San Francisco Chronicle - December 10, 2004
Ruthe Stein at rstein@sfchronicle.com.
Some children have an innate resilience that shields them from an unstable home life. Their ability to bounce back is rich subject matter not just for social scientists but for filmmakers as well. Francois Truffaut mined it in "The 400 Blows" and so did Robert Benton in "Kramer vs. Kramer."
Spanish director Miguel Albaladejo creates another memorable comeback kid in "Bear Cub," which is finally getting an American release after a long run on the film festival circuit, where it was warmly received. Although not in the rarefied league of classics of the genre, the movie gets to you largely because of David Castillo's touching and at times heartbreaking performance as Bernardo, a fatherless 9-year-old being raised in the country by a hippie mother. The free-spirited Violeta (Elvira Lindo) seems oblivious to the fact that hippies are so over.
Off on a jaunt to India with a new boyfriend -- surely one in a string of them -- Violeta brings her son, wise beyond his years, to Madrid to stay with her brother Pedro (Jose Luis Garcia-Perez). Sweet-natured, caring and responsible in a way his sister never will be -- he's a dentist, for goodness sake -- Pedro is the sort of uncle any child would be lucky to have. Garcia-Perez inhabits the role with such joie de vivre, it makes you wish he was your relative -- he'd sure liven up those holiday dinners. As Pedro introduces Bernardo to the delights of the big city, the camera captures its wide avenues and old-world charm.
Albaladejo and co-screenwriter Salvador Garcia Ruiz take their film where few family dramas have dared to go. Pedro happens to be gay, HIV-positive and part of a subculture of gay men who call themselves bears because they let their body hair grow au natural and aren't obsessed with dieting or keeping toned. When they party together, it looks like a convention of Smokey Bears.
Is this an appropriate crowd for an impressionable 9-year-old to be hanging out with? Pedro himself has doubts and drops his friends during the two weeks Violeta is supposed to be away. But then she gets into legal trouble in India, and it appears she may not be able to claim her son for a very long time.
"Bear Cub" raises complex issues about who is suited to be a substitute parent, further complicated by the sudden appearance of Bernardo's paternal grandmother, Teresa (the fiery Empar Ferrer, a sort of Spanish Olympia Dukakis). Although the boy hates her because of the terrible things she's said about his mother, Teresa insists he would be better off with her and resorts to blackmail to gain custody.
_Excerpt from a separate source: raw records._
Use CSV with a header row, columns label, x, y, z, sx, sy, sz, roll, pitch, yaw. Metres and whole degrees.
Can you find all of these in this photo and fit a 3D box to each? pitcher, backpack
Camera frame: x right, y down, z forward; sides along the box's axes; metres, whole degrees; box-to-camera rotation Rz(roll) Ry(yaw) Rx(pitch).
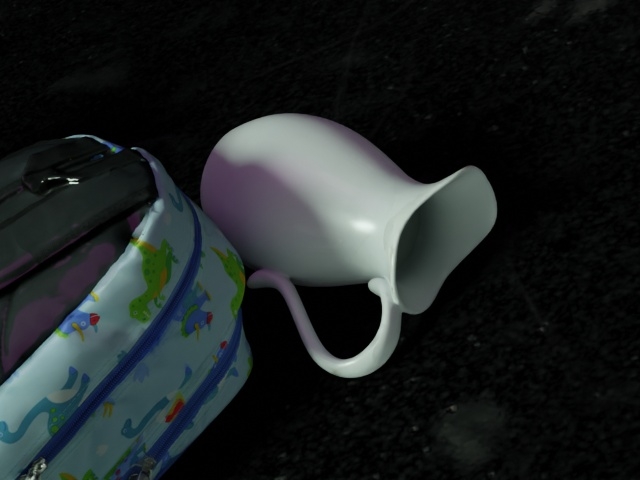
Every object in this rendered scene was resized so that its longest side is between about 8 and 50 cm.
label,x,y,z,sx,sy,sz,roll,pitch,yaw
pitcher,0.000,0.000,1.266,0.207,0.125,0.178,19,69,37
backpack,-0.218,0.088,1.198,0.356,0.273,0.290,-58,35,-6
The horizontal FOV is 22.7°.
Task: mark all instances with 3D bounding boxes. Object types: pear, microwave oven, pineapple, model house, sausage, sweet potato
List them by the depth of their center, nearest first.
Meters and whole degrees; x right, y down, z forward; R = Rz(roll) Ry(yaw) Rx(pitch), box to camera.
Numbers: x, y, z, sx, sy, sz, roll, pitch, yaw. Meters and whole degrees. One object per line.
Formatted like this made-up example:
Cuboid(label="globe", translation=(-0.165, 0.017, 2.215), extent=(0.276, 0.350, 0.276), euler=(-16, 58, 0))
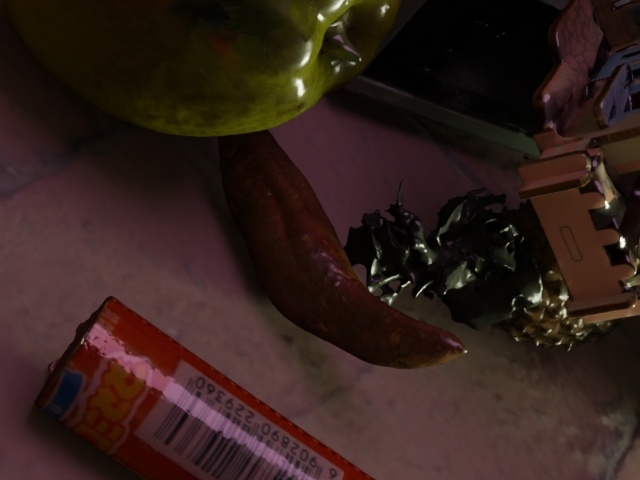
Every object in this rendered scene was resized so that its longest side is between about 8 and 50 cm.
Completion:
Cuboid(label="sausage", translation=(-0.025, 0.133, 0.862), extent=(0.274, 0.074, 0.074), euler=(35, 33, -12))
Cuboid(label="pear", translation=(-0.088, -0.211, 1.024), extent=(0.321, 0.269, 0.269), euler=(46, 31, 21))
Cuboid(label="sweet potato", translation=(-0.006, 0.009, 1.025), extent=(0.255, 0.078, 0.058), euler=(51, 12, 33))
Cuboid(label="model house", translation=(0.293, -0.102, 1.077), extent=(0.326, 0.244, 0.169), euler=(-49, 123, -51))
Cuboid(label="pineapple", translation=(0.118, 0.013, 1.114), extent=(0.251, 0.125, 0.125), euler=(8, 46, -41))
Cuboid(label="microwave oven", translation=(0.143, -0.203, 1.337), extent=(0.295, 0.181, 0.237), euler=(15, 40, -37))
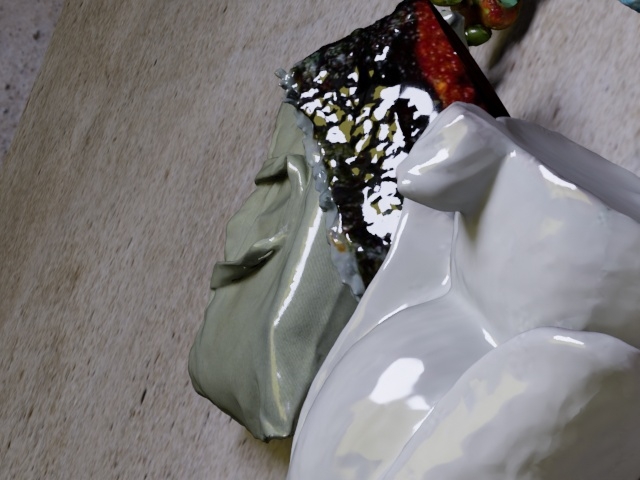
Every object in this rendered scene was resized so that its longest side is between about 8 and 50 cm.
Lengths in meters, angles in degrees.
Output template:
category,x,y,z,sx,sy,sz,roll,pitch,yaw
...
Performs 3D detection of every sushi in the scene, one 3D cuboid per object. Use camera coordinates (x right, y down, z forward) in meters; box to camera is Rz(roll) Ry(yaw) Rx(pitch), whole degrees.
category,x,y,z,sx,sy,sz,roll,pitch,yaw
sushi,0.065,-0.036,1.191,0.126,0.136,0.225,-32,53,12

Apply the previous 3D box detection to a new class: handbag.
category,x,y,z,sx,sy,sz,roll,pitch,yaw
handbag,0.000,-0.003,1.400,0.315,0.109,0.253,-71,17,-10

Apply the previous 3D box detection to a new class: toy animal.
category,x,y,z,sx,sy,sz,roll,pitch,yaw
toy animal,0.081,0.082,0.981,0.265,0.206,0.271,-58,25,12

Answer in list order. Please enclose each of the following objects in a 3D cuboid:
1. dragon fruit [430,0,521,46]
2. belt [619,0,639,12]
category,x,y,z,sx,sy,sz,roll,pitch,yaw
dragon fruit,0.102,-0.227,1.349,0.142,0.138,0.175,3,82,44
belt,0.266,-0.224,1.043,0.302,0.072,0.087,-47,32,37
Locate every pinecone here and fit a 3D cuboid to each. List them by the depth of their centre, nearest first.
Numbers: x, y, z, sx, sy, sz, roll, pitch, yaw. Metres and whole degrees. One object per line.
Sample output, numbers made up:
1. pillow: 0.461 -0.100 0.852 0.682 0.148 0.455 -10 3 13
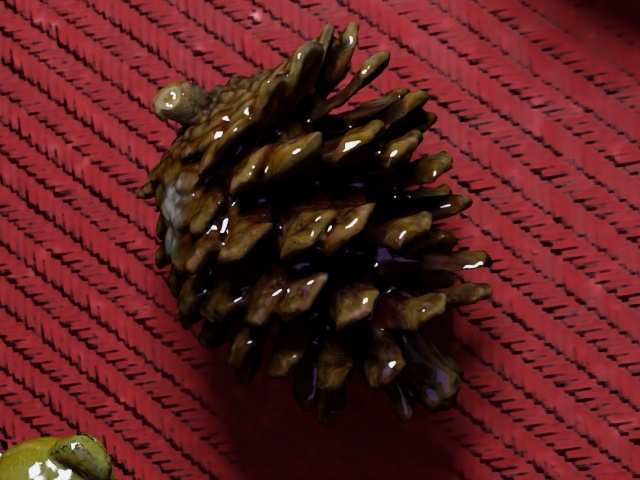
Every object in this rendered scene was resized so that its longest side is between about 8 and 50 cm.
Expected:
1. pinecone: -0.002 0.002 1.005 0.168 0.185 0.212 -21 95 -2

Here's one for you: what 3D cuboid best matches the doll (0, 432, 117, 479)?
1. doll: -0.198 0.158 1.090 0.209 0.097 0.137 -1 122 23
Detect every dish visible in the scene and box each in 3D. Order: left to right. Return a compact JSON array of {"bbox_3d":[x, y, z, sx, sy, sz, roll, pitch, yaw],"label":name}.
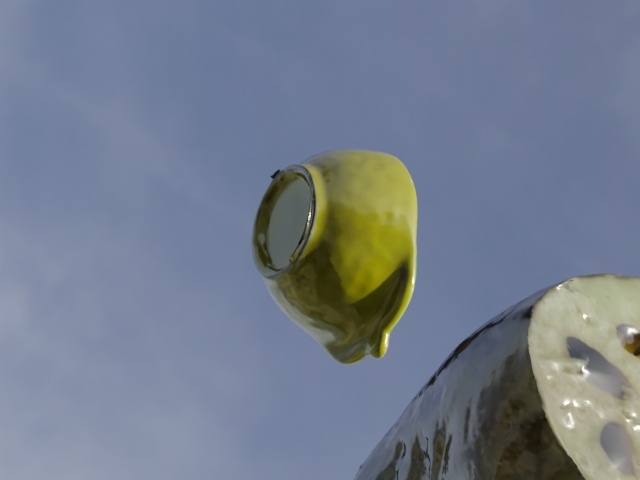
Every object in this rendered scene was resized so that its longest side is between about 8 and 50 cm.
[{"bbox_3d":[0.000,0.000,1.391,0.080,0.208,0.149,20,-55,-29],"label":"dish"}]

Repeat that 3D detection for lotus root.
[{"bbox_3d":[0.143,0.190,1.199,0.250,0.250,0.346,46,-48,7],"label":"lotus root"}]
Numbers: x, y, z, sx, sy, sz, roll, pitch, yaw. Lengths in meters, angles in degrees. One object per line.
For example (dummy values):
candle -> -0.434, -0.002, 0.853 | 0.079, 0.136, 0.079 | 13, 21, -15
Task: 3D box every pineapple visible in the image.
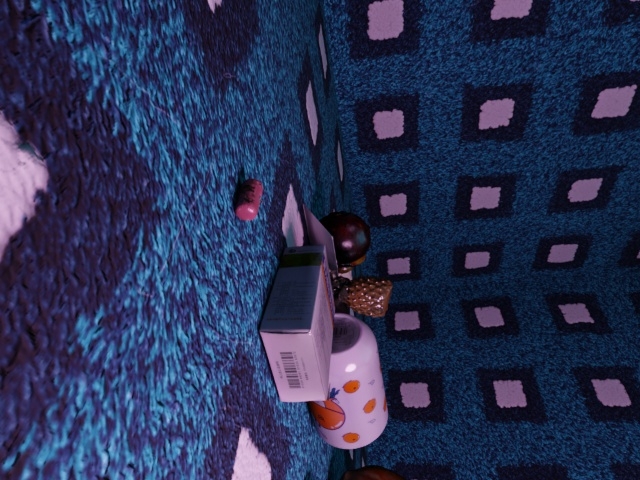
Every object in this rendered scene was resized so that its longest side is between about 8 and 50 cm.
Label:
pineapple -> 0.062, 0.131, 1.121 | 0.125, 0.251, 0.125 | 9, 90, -79

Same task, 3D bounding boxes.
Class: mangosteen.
mangosteen -> 0.069, 0.003, 1.374 | 0.210, 0.210, 0.209 | -4, 90, -81

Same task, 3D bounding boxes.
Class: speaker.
speaker -> 0.059, 0.248, 1.548 | 0.218, 0.082, 0.044 | 70, 18, -62

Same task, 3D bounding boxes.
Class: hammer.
hammer -> -0.121, -0.071, 0.719 | 0.043, 0.043, 0.083 | 76, 14, -45

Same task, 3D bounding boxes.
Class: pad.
pad -> 0.000, 0.000, 1.218 | 0.232, 0.004, 0.156 | -129, -155, -54

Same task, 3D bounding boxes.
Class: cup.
cup -> 0.058, 0.356, 1.102 | 0.212, 0.213, 0.317 | -79, 161, -58

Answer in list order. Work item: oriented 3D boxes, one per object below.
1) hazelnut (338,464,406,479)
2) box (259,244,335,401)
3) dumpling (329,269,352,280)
hazelnut -> 0.177, 0.892, 1.270 | 0.366, 0.366, 0.365 | -4, 90, -81
box -> -0.037, 0.171, 0.927 | 0.299, 0.107, 0.200 | -82, 165, -58
dumpling -> 0.057, 0.130, 1.527 | 0.199, 0.118, 0.136 | 53, 37, -19
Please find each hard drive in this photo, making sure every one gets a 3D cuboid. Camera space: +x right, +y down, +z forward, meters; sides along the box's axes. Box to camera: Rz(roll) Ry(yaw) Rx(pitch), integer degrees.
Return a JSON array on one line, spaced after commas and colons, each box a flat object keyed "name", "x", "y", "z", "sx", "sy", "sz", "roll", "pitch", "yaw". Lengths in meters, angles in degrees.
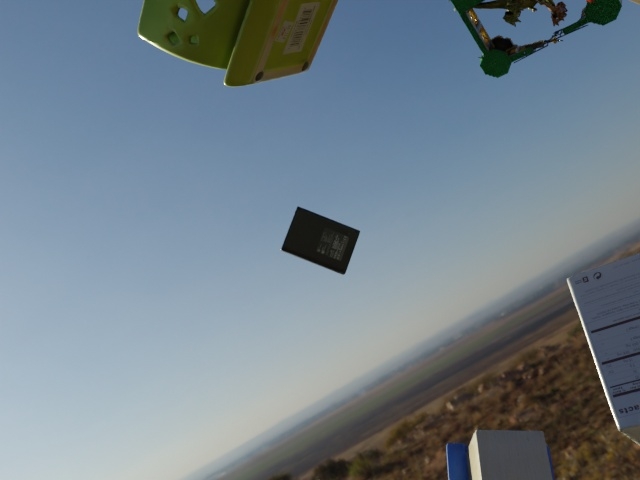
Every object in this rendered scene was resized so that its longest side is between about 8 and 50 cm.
[{"name": "hard drive", "x": 0.000, "y": 0.000, "z": 1.277, "sx": 0.022, "sy": 0.135, "sz": 0.094, "roll": 140, "pitch": 151, "yaw": -77}]

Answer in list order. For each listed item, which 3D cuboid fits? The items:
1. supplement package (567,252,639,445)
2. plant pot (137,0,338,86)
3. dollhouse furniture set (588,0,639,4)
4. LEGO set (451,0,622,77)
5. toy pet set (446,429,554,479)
[{"name": "supplement package", "x": 0.359, "y": 0.118, "z": 0.709, "sx": 0.105, "sy": 0.179, "sz": 0.105, "roll": -24, "pitch": -36, "yaw": 26}, {"name": "plant pot", "x": -0.105, "y": -0.367, "z": 0.983, "sx": 0.227, "sy": 0.207, "sz": 0.228, "roll": -31, "pitch": -27, "yaw": -52}, {"name": "dollhouse furniture set", "x": 0.289, "y": -0.364, "z": 0.655, "sx": 0.135, "sy": 0.258, "sz": 0.262, "roll": 15, "pitch": -30, "yaw": -10}, {"name": "LEGO set", "x": 0.417, "y": -0.496, "z": 1.264, "sx": 0.331, "sy": 0.255, "sz": 0.192, "roll": -31, "pitch": 23, "yaw": 43}, {"name": "toy pet set", "x": 0.095, "y": 0.166, "z": 0.354, "sx": 0.122, "sy": 0.114, "sz": 0.065, "roll": 1, "pitch": -39, "yaw": 3}]

Hollywood tackled a similar subject in the Kate Hudson vehicle "Raising Helen." Its shallowness makes you appreciate even more what "Bear Cub" attempts to do. It doesn't always succeed. Matters get resolved too easily, and the ending feels tacked on. Still, the film's ambitions are laudable, and it manages to be touching, funny and true to life. It seems ungrateful to ask for anything more.
-- Advisory: This film contains sexual situations.